Nelson’s writing is exquisite but distant. She maintains space between her, and her past lover, and herself, and her writing. She writes:
184. Writing is, in fact, an astonishing equalizer. I could have written half of these propositions drunk or high, for instance, and half sober; I could have written half in agonized tears, and half in a state of clinical detachment. But now that they have been shuffled around countless times — won that they have ben made to appear, at long last, running forward as one river — how could either of us tell the difference?

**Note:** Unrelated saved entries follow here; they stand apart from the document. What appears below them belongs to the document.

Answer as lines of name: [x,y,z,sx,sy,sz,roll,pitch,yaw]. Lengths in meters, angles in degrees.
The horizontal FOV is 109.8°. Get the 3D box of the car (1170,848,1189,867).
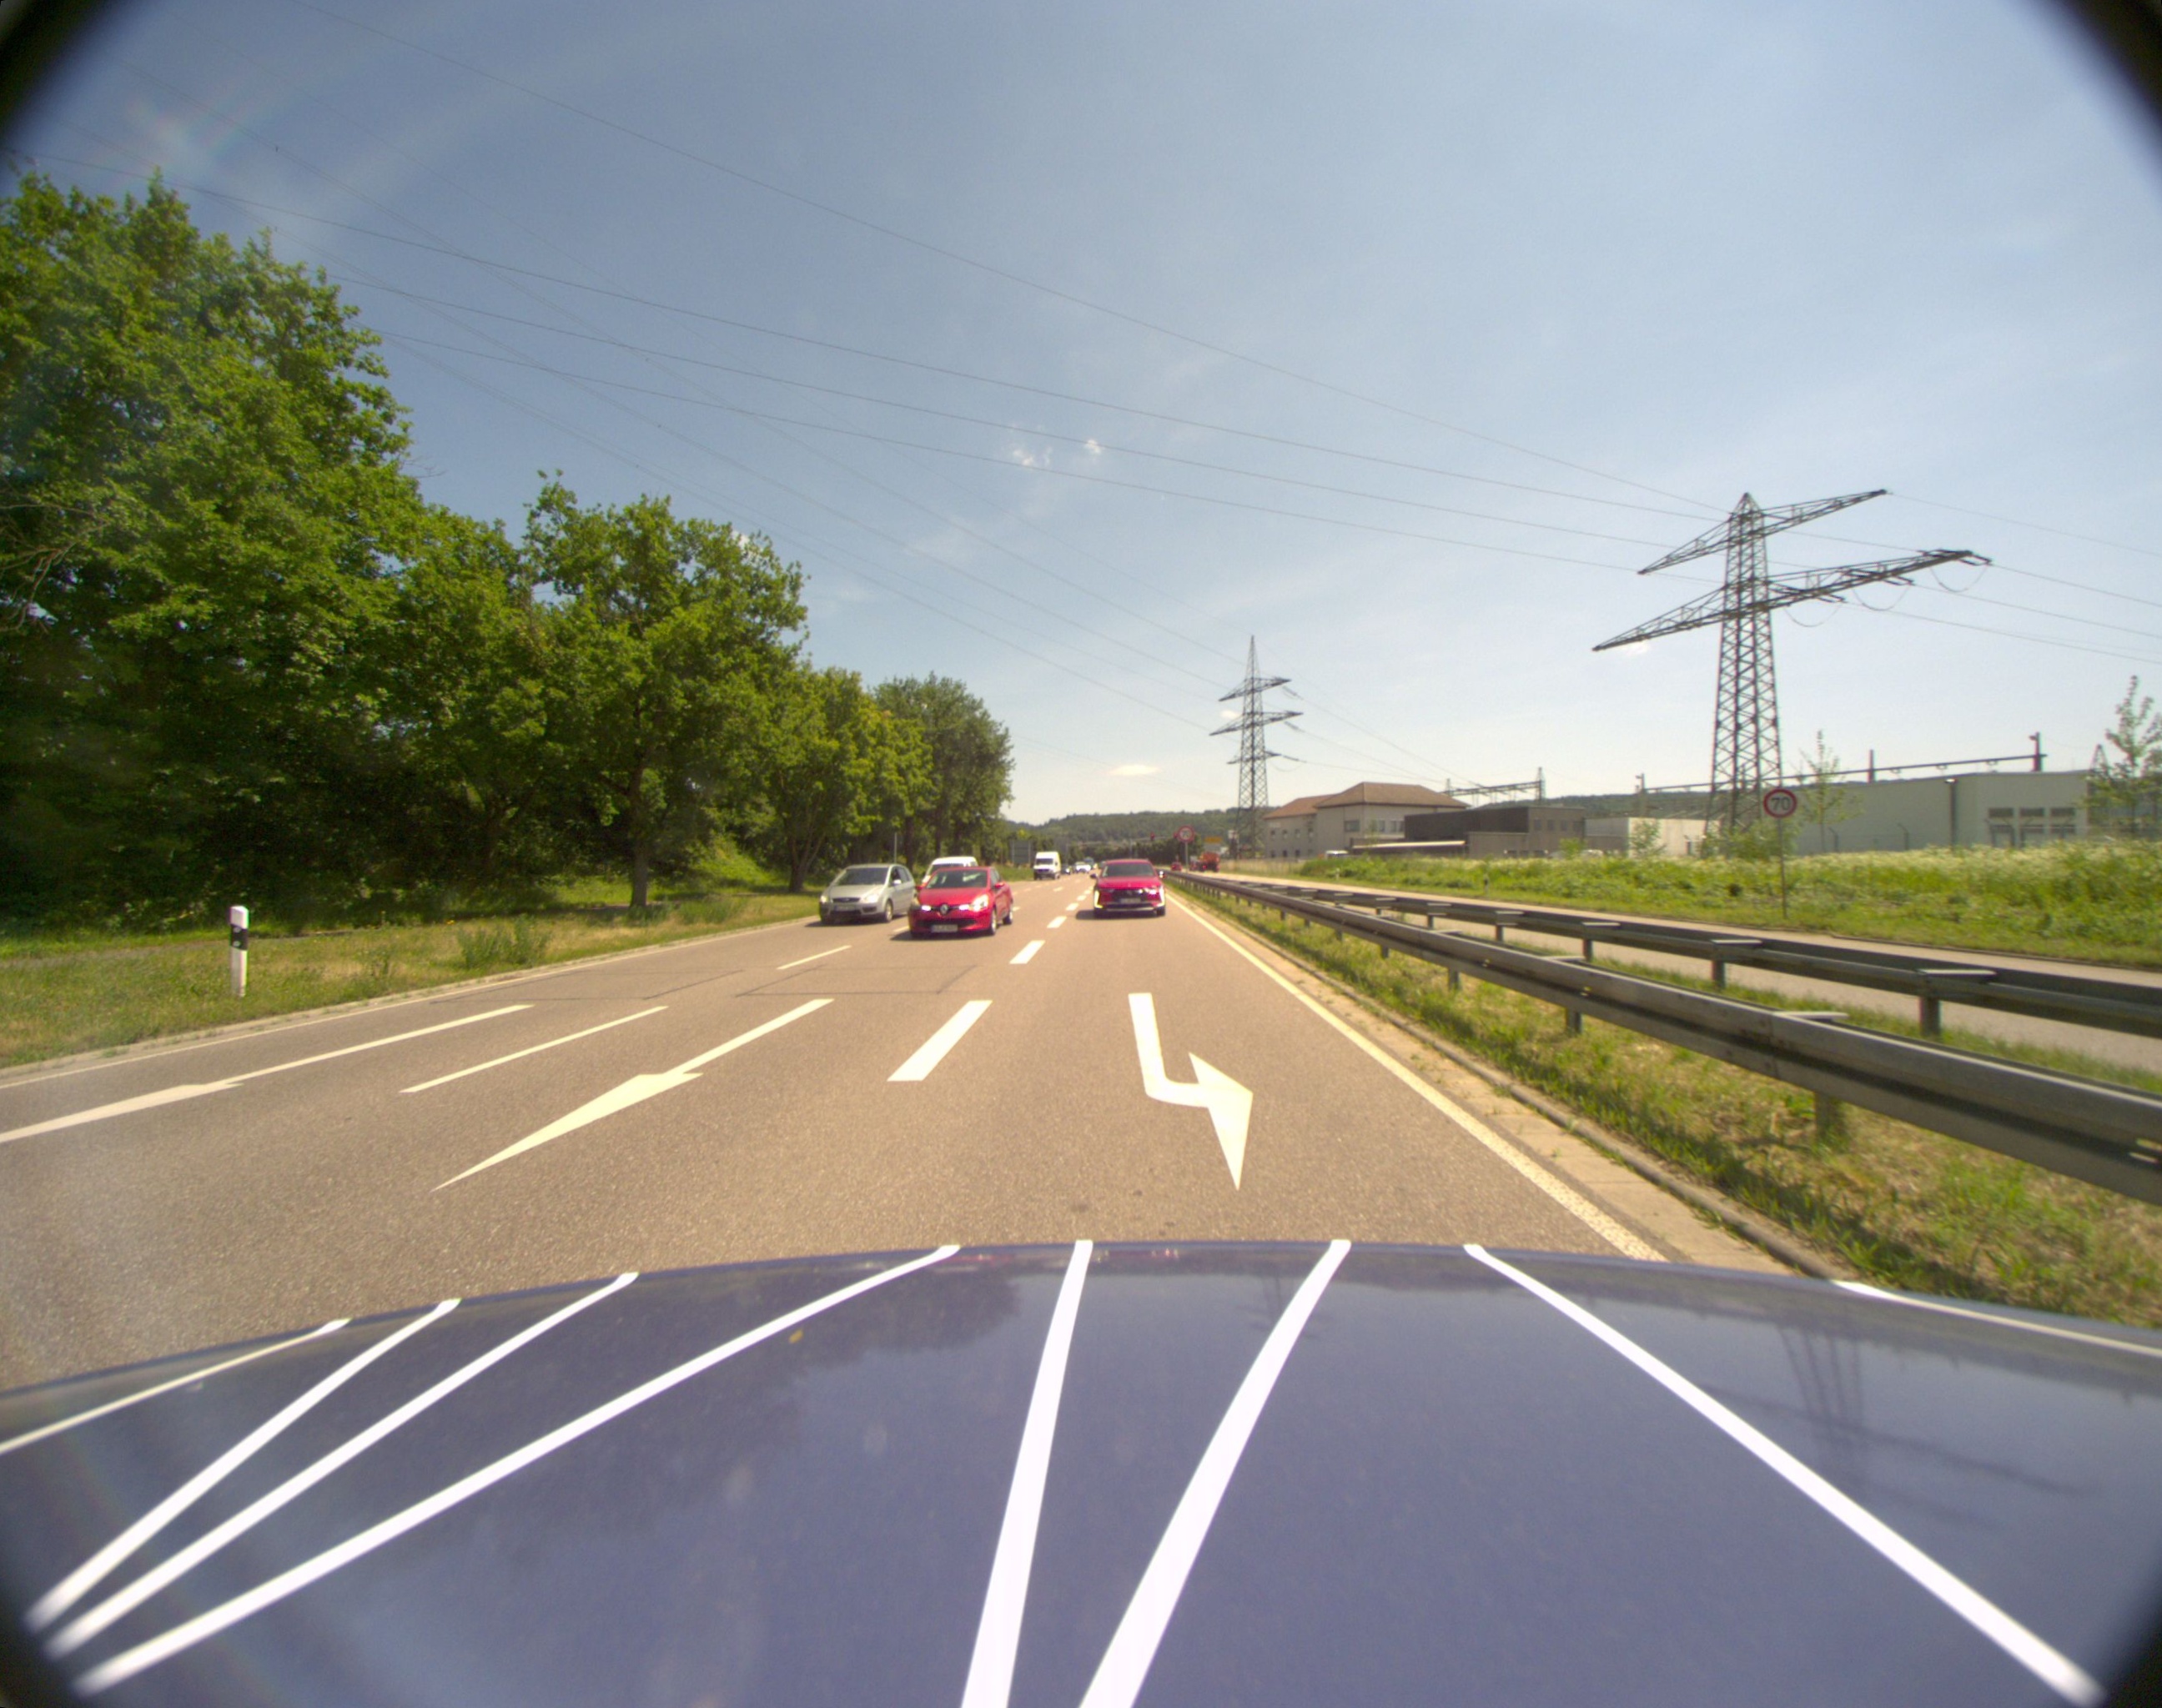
car: [15.968,0.539,123.786,2.606,3.043,5.640,0,0,2]

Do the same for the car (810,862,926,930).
car: [-5.750,1.077,21.065,1.747,1.585,4.273,-2,0,3]

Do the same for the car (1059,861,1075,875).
car: [-1.786,1.784,98.313,1.878,1.674,4.000,-2,1,1]

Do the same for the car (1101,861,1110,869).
car: [5.616,2.493,172.108,1.878,1.674,4.000,-2,1,1]

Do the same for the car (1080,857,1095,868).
car: [0.964,1.194,110.896,1.850,1.559,4.364,-2,0,3]

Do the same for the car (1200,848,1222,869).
car: [19.872,0.693,116.232,2.606,3.043,5.640,0,0,2]

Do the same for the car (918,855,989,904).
car: [-5.203,0.988,31.586,1.809,1.790,5.039,-2,0,3]

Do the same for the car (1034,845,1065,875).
car: [-2.929,0.536,72.476,2.232,2.592,7.020,-2,0,3]

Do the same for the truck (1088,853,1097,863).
truck: [2.875,1.007,185.626,2.170,2.428,4.910,-2,1,1]

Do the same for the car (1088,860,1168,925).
car: [1.252,0.926,20.254,1.846,1.453,4.415,-2,0,3]

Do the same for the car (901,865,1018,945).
car: [-2.537,1.028,16.841,1.747,1.453,4.066,-2,0,2]

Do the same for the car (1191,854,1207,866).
car: [20.050,1.028,129.057,1.999,1.904,3.999,-2,1,-1]

In contrast, I think of Wallows, a band that captures a similar level of introspection, but through a very different lens. If Bluets is drenched in blue, Wallows plays in shades of yellow, the opposite colour on the colour wheel. They don’t frame emotion as philosophy. They just let it spill out: scrambled, casual, sometimes guarded, always accessible. Their lyrics aren’t trying to be profound, but sometimes they are anyway — like a thought that ambushes you mid-walk or mid-memory. Shrug it off because it’s just a song. Even if something profound just leaked out.
I always liked their song ‘Sidelines’. Because I see you loving on the sidelines means two things. The speaker could be on the sidelines watching his lover love someone else. But also, speaker could be on his own path, and he sees her loving him still, on the sidelines, but not altering his course in any way. And then I think about it at the wrong time because both are at wrong time points. It’s an emotional illusion, or an idealized version wishing someone to be near though not with him. An immensely juxtaposed feeling.
So levels of dissonance:
- dissonance between what we feel and when we feel it
- dissonance between that and the language as a medium
- more dissonance as it gets communicated, and transferred to someone else’s consciousness
And hence parallels between some whimsical lyrics and Bluets.